Já faz um tempo que meu primo, com quem fui criado como irmão, vem tocando no assunto de abrir o relacionamento dele. Ele se chama Júlio, tem 32 anos, três a mais que eu, e é casado com a Paola há dois anos, depois de cinco de namoro. Dá pra dizer que ele vive a vida de casado de verdade e que é com ela que vai passar o resto da vida. Do meu ponto de vista, ele sempre fala que, se for pra abrir o relacionamento, tem que ser numa boa, e não porque o casamento tá ruim e eles tão procurando uma saída rápida.

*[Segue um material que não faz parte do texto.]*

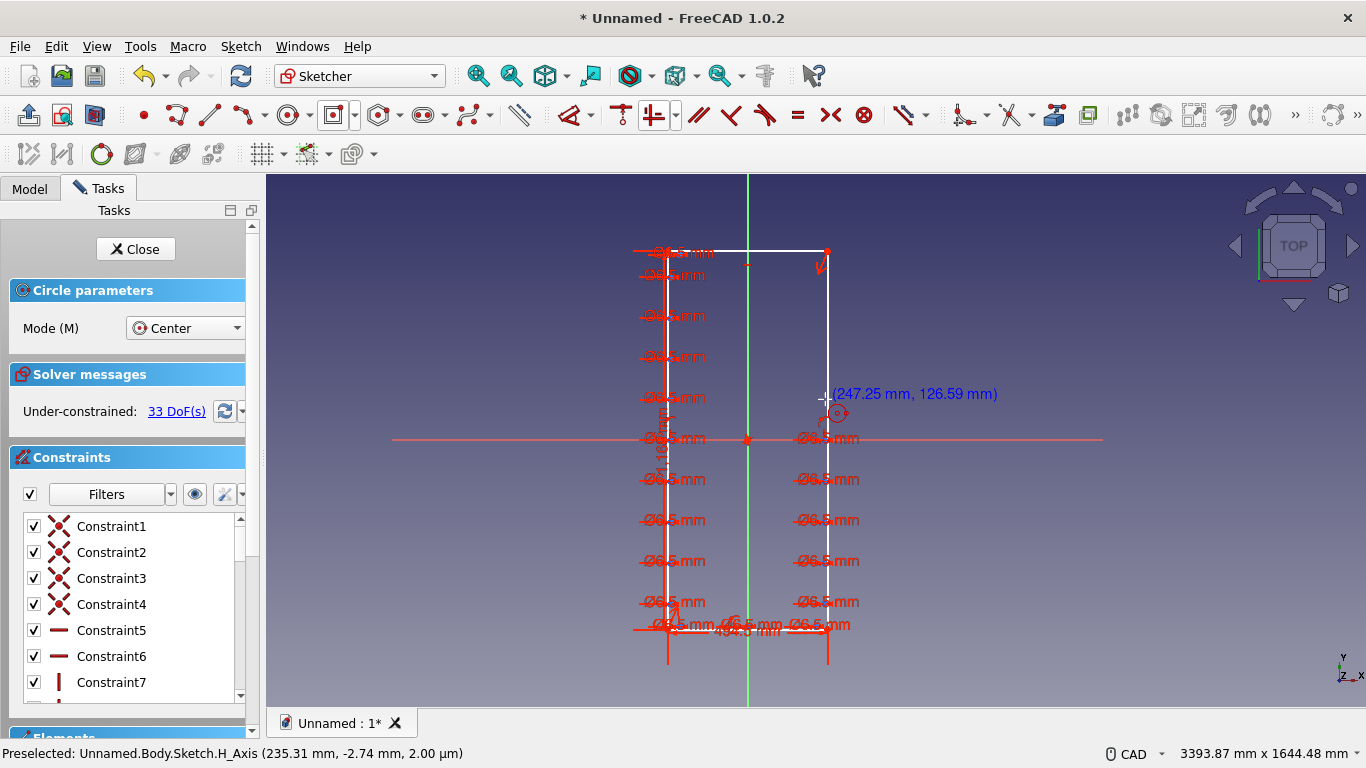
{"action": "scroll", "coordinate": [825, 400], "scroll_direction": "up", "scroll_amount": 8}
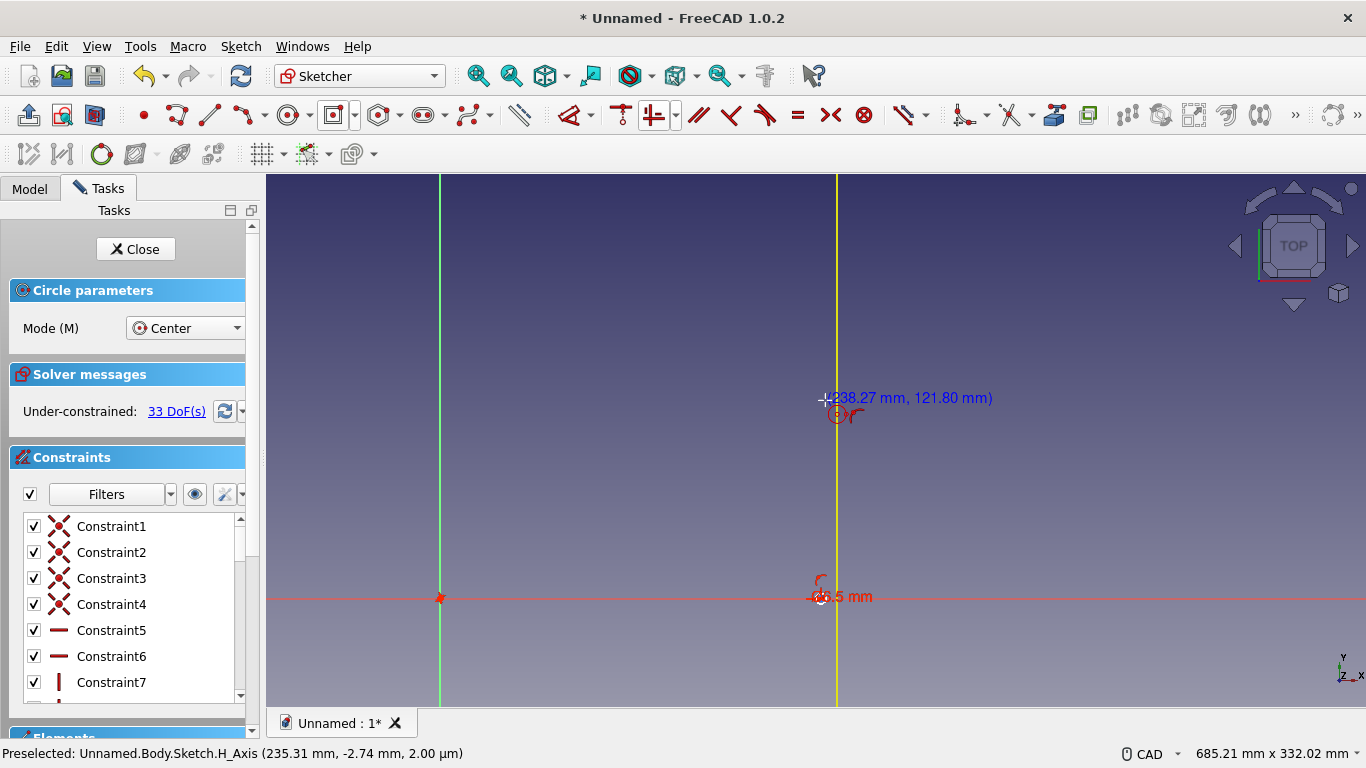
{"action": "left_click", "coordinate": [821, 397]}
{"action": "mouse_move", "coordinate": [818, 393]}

Umas semanas atrás, ele trouxe o assunto de novo, então, aproveitando a intimidade entre a gente, fui direto e perguntei se ele tava falando sobre ele e a mulher dele. Ele confessou que sim, que os dois tinham pensado em abrir o relacionamento pra dar uma apimentada no casamento. Pra experimentar, queriam começar com um ménage. Ele me perguntou o que eu achava, e fui sincero. Nunca imaginei que ele topava uma parada dessas, mas, se fosse pra fazer, tinha que ter muita confiança na pessoa que escolhessem pra entrar na relação, fosse homem ou mulher. Os dois tinham que estar de acordo. Ele disse que tinham algumas opções em mente, mas nenhuma agradava os dois.

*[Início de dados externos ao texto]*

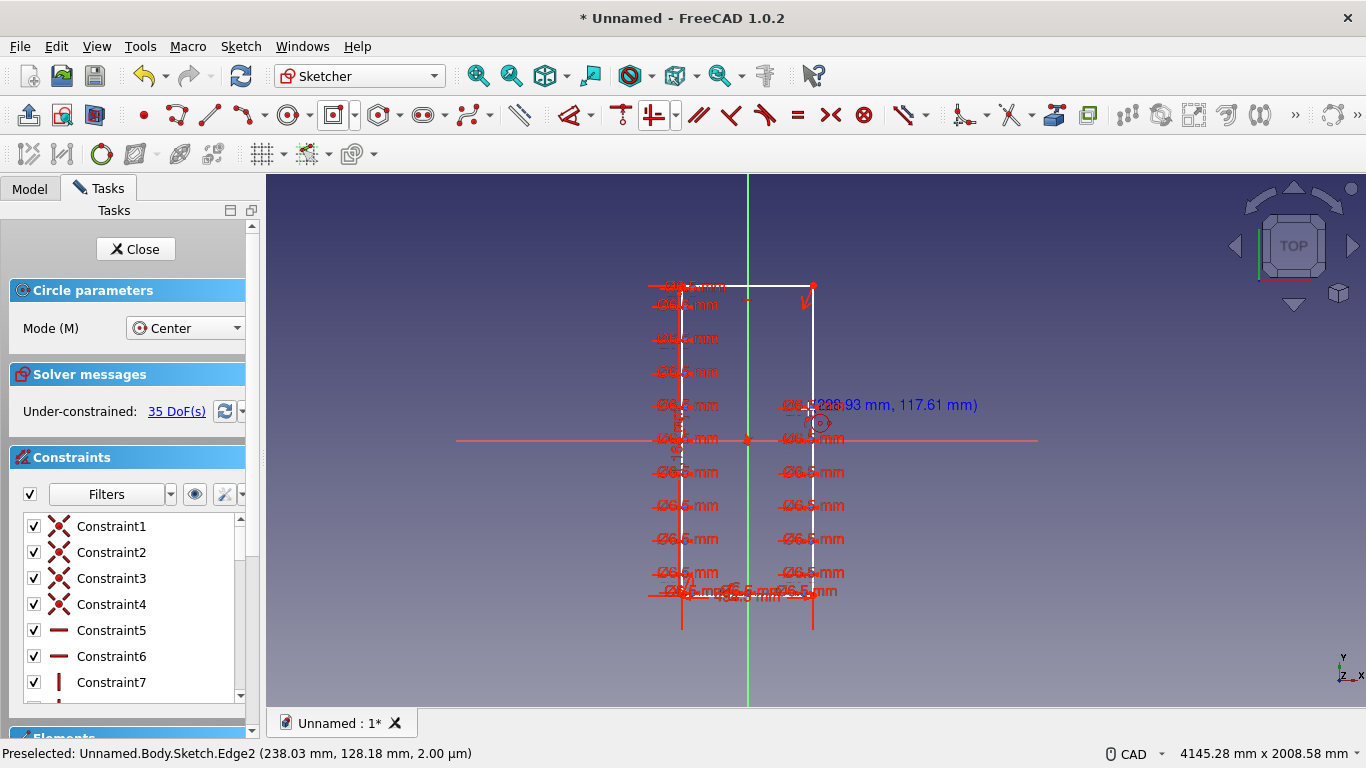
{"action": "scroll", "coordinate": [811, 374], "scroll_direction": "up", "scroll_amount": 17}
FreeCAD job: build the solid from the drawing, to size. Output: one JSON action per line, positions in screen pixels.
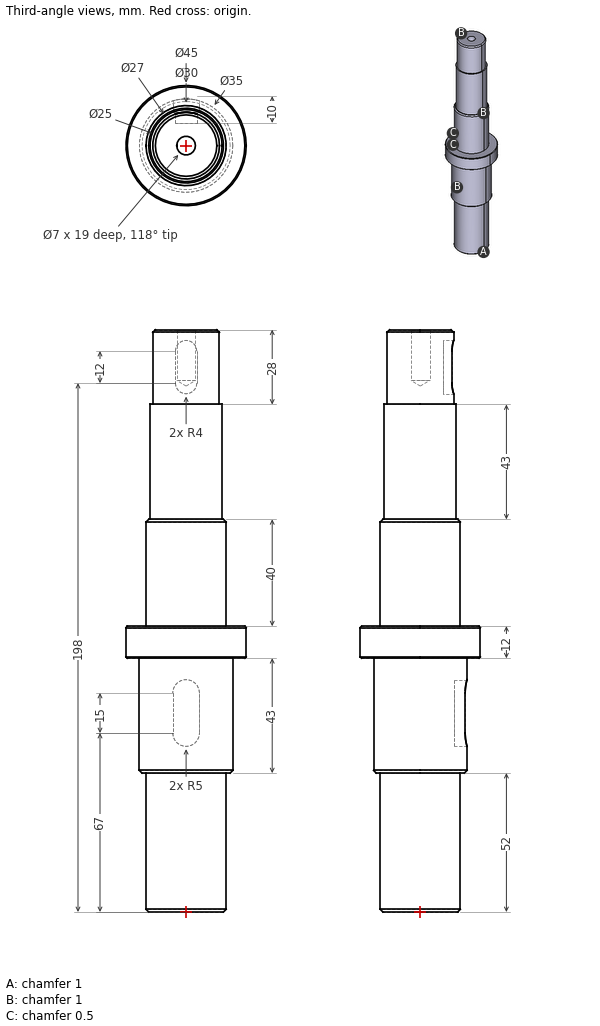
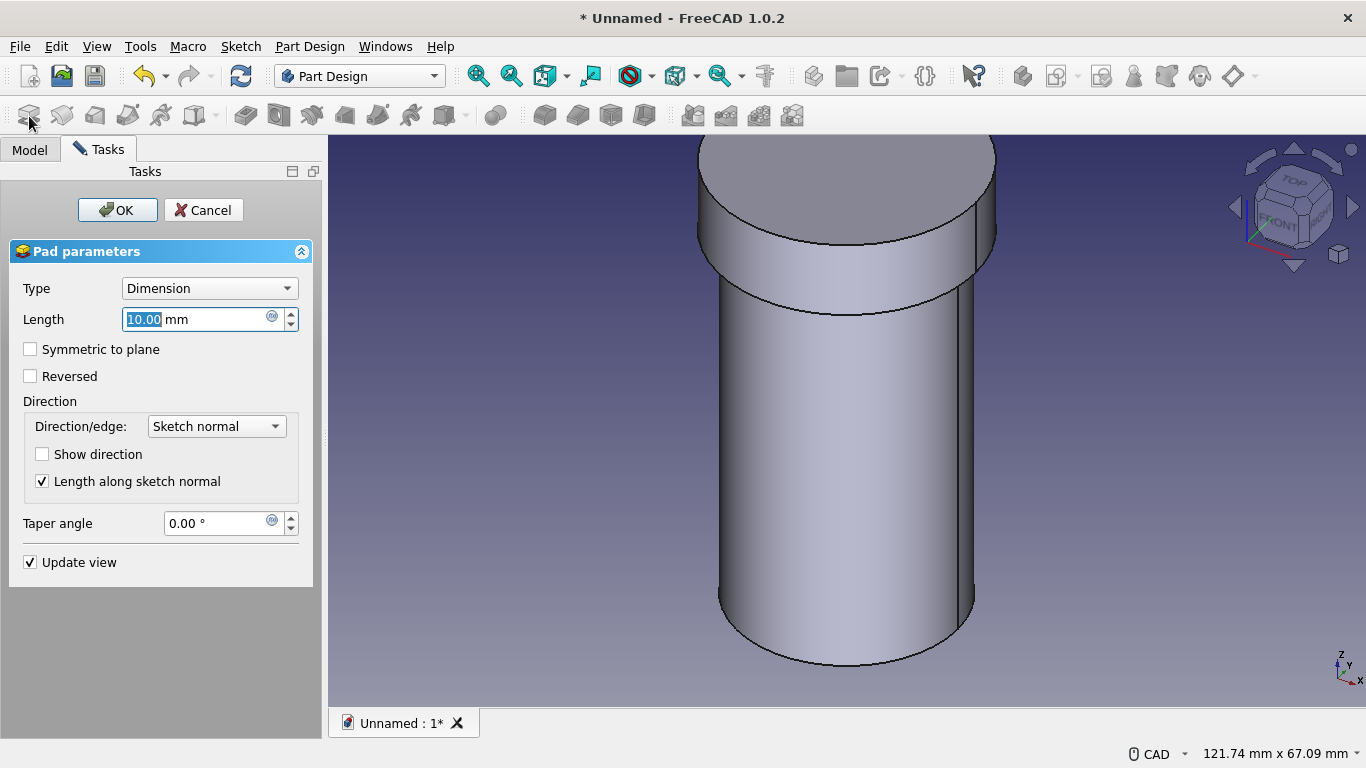
{"action": "type", "text": "43"}
{"action": "key", "text": "Tab"}

A gente conversou mais sobre como ele reagiria ao ver a mulher dele com outro ou como a esposa dele reagiria vendo ele com outra mulher. Ele falou por ele e disse que a ideia de ver ela gozar com outra rola o excitava, e que tava doido pra fazer uma dupla penetração nela. A Paola é uma mulher pequenininha: magra e baixinha. A ponto de, se vestir um uniforme de colegial, qualquer um duvidaria da idade dela. Ela tem 30 anos, mas parece ter 18. Uma boa transa hardcore é uma tentação pra qualquer um.
Assim, a gente passou horas conversando até que finalmente decidimos ir embora. Ele, satisfeito com a conversa e animado com a ideia de seguir em frente com o ménage. Eu, surpreso e convencido de que a gente nunca termina de conhecer as pessoas.
Passaram uns dias dessa conversa e ele me liga. Me convidou pra ir na casa dele jantar à noite, obviamente aceitei. Como sempre, cheguei mais cedo, pra ficar um tempinho a sós antes da Paola chegar e conversar na boa sobre nossas paradas. Tava curioso pra saber como tinha ficado aquele negócio do ménage. Quando cheguei, já abrimos uma cerveja como de costume. Não demorou muito pra gente puxar o assunto que já era batido entre nós. Ele me disse que, depois de uma longa conversa, concordaram em uma pessoa pra entrar no ménage. Já tava quase certo, só faltava essa pessoa aceitar.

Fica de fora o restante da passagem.